Thanks for your quirk solution, but I still has some doubts about it,
it looks like fix the problem in the packet_setsockopt->packet_set_ring processing,
but when in packet_release processing, it may could not release the
real pg_vec for the TPACKET_V3 ring, and then cause the mem leak,
maybe I miss something here, nice to hear from your feedback. :)

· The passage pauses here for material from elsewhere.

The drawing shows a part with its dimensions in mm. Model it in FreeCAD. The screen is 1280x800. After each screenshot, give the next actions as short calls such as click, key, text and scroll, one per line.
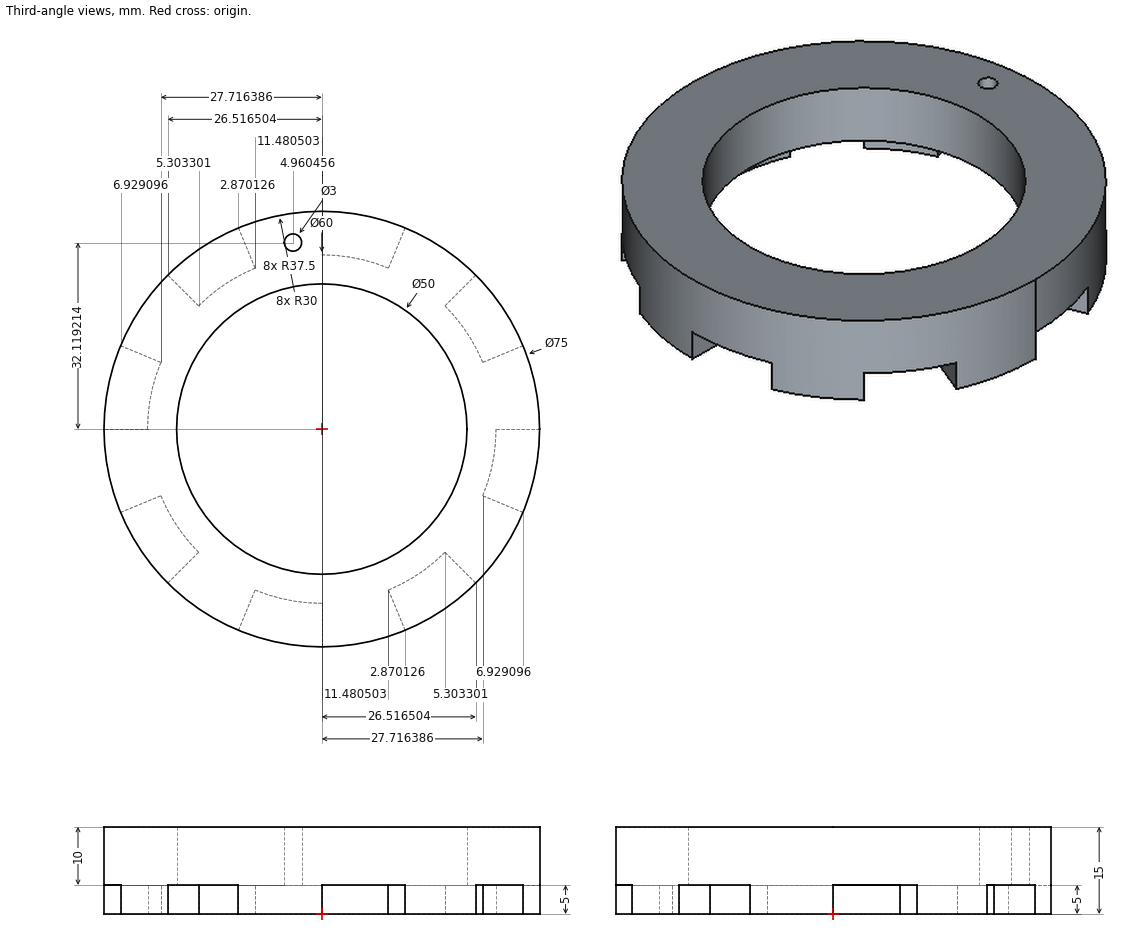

what about fix it this way:
--- a/net/packet/af_packet.c
+++ b/net/packet/af_packet.c
@@ -4335,9 +4335,13 @@ static int packet_set_ring(struct sock *sk, union tpacket_req_u *req_u,
/* Because we don't support block-based V3 on tx-ring */
if (!tx_ring)
prb_shutdown_retire_blk_timer(po, rb_queue);
+
+ if (pg_vec)
+ free_pg_vec(pg_vec, order, req->tp_block_nr);
+
}

- if (pg_vec)
+ if (pg_vec && (po->tp_version < TPACKET_V3))
free_pg_vec(pg_vec, order, req->tp_block_nr);
out:
release_sock(sk);


Regards
Ding

> .
>

2017-07-23 05:59:32

by Cong Wang

[permalink] [raw]
Subject: Re: af_packet: use after free in prb_retire_rx_blk_timer_expired

On Sat, Jul 22, 2017 at 8:40 PM, Ding Tianhong <[email protected]> wrote:
> Hi, Cong:
>
> Thanks for your quirk solution, but I still has some doubts about it,
> it looks like fix the problem in the packet_setsockopt->packet_set_ring processing,
> but when in packet_release processing, it may could not release the
> real pg_vec for the TPACKET_V3 ring, and then cause the mem leak,
> maybe I miss something here, nice to hear from your feedback. :)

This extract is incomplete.